Friday 2 July 2010

Inching



Each new day I'm looking for evidence of moving myself forward to the life I want and need.

Though I have not yet received the official contract I now know what my salary will be; modest but better than if I was teaching English in France. It seems my future employer will be happy to have me and find me useful. The Director of Human Resources and the  professor employing me there are writing the required documentation. Wow! Apart from enjoying my work with the ecocity I've found it hard to feel appreciated by employers in NZ. That's probably because I wasn't.

I think there's a chance I might actually thrive in my new home on the other side of the world. A bigger stage, a wider variety of people to meet and work with, friendly and generous people, a fascinating history and culture of depth and breadth. And that pervading sense of being home.

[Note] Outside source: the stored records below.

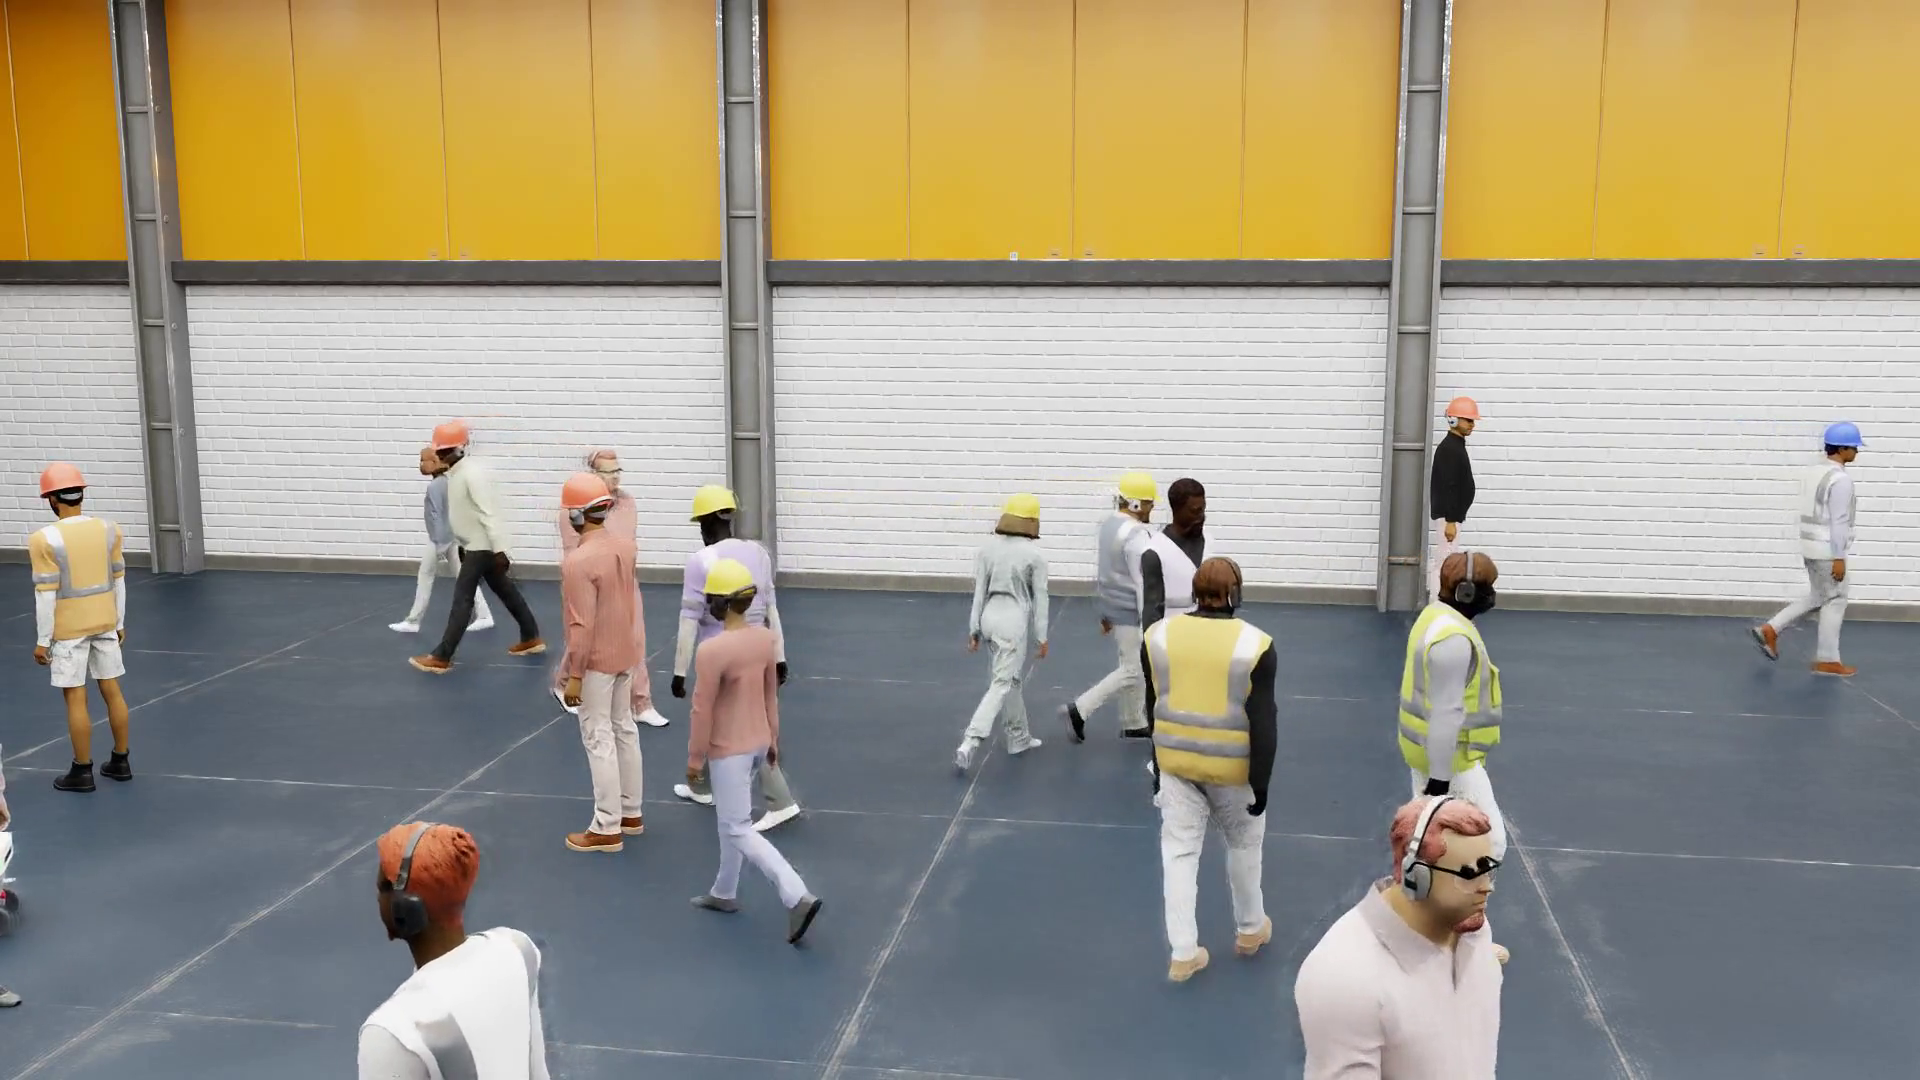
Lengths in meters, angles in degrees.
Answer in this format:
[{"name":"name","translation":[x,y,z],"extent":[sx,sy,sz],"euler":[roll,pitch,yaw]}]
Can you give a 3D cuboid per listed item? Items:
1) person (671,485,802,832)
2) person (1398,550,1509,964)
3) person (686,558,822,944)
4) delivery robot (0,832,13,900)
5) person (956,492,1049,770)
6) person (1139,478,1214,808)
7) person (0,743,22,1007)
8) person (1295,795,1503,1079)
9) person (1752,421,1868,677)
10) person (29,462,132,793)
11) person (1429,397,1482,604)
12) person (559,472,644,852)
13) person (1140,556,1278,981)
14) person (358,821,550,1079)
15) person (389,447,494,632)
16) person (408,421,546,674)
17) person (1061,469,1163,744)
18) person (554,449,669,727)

I'm allowing a little more excitement to make itself felt each day. I'm looking around my home in NZ and gently letting go of my attachment to my belongings. That also means my garden. I feel it is unlikely I will ever tend to it again, after I leave in September.

Ah September, a time for new things in my garden and for me. Already the jonquils are flowering, offering their sunny faces to me in greeting. I've promised myself that one day I will make a lovely garden somewhere in France- gee, I feel quite misty-eyed at the thought. In France there are more opportunities to plant the plants I enjoyed in my childhood and early adulthood because the climate is a little more like that of the South Island of NZ. Auckland is warmer but there are many European plants that don't do well there, a bit like me, I guess.

I've even found a worthy person to represent the ecocity and to deliver my presentation on community advocacy for sustainable living to a national conference at the end of the year. Things are falling into place.

Next week I shall investigate the ins and outs of finding the right property manager to look after my only asset and then it will be time to obtain quotes to move my personal possessions. I've only two months to pull this together but I want to experience the process rather than rush around in a mad fog.

My heart is ready to go now but my head needs to be in charge until I get on the plane for Paris. Yes, I do believe I'm getting a wee bit excited.